The promotion of a web resource is mainly based on analysis and analytics. And to better understand which pages of the site or its parts are more in demand, use a heatmap tool. It helps to present information in comparison. In this article, we will talk about what a site heatmap is, its types, features, and other useful things for people who promote their web resources.

A site heatmap is a tool that uses a color palette to determine and display click-through statistics on a web resource that evaluates the effectiveness of a site or any part of it.

In simple words, a heat map spots on the screen that shows which elements attract users the most. In another way, it is also called a click map.

The color patches range from warm to cool hues, where warm hues are the most attractive elements and cool hues are the least attractive. Based on this, we can say that the heat map also helps in the analysis of behavioral factors (link when the article appears) that affect the promotion of the resource.

Heatmap Features

First, let’s talk about the features of the heat map, or rather its advantages. This will help site owners to understand that it is an invaluable tool in the analysis of their web resources.

Benefits of a heat map:

·         Full monitoring of active user actions on the web resource is carried out: pages and their parts that are in demand among the audience are visible.

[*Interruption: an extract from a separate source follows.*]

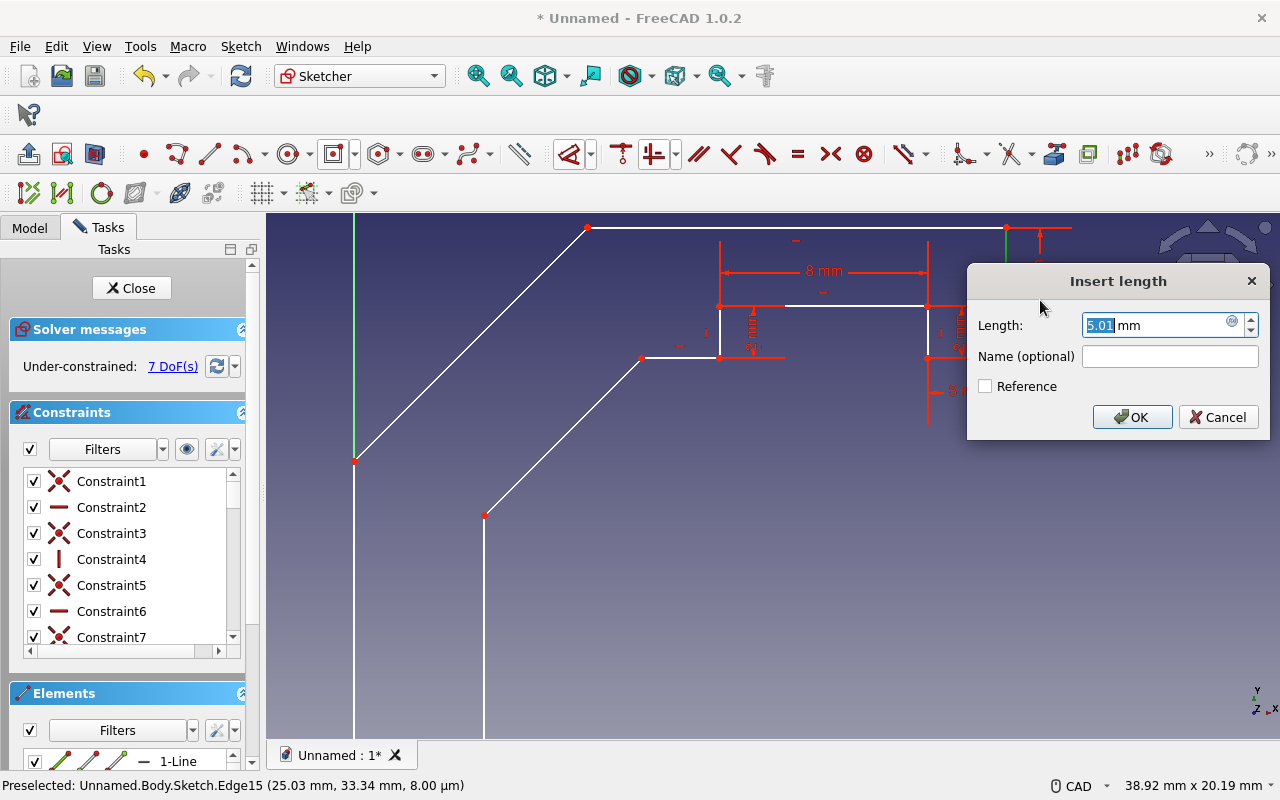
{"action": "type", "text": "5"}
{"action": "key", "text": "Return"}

·         Unattractive content for users is visible, which means it can be deleted as unnecessary.

·         When new applications or parts of a web resource page are introduced, they are monitored: you can immediately understand whether they should be left or not.

·         The information obtained is accessible and easy to understand.

It turns out that the heat map gives an effective result in the field of analysis of the interests of users. In turn, the information obtained, with reasonable use, helps to make website promotion in several regions effective. Find out more by the link:

Types of heat map

The next thing we’ll talk about is the heatmap views. There are three of them. This is a heat map of links, confetti, and a scroll map. Let’s take a closer look at each of them.

And so, the heat map of links reflects in a bright shade those links on which users clicked the most. Less popular links are indicated with a gradient. This will help to put important elements in the most clickable places.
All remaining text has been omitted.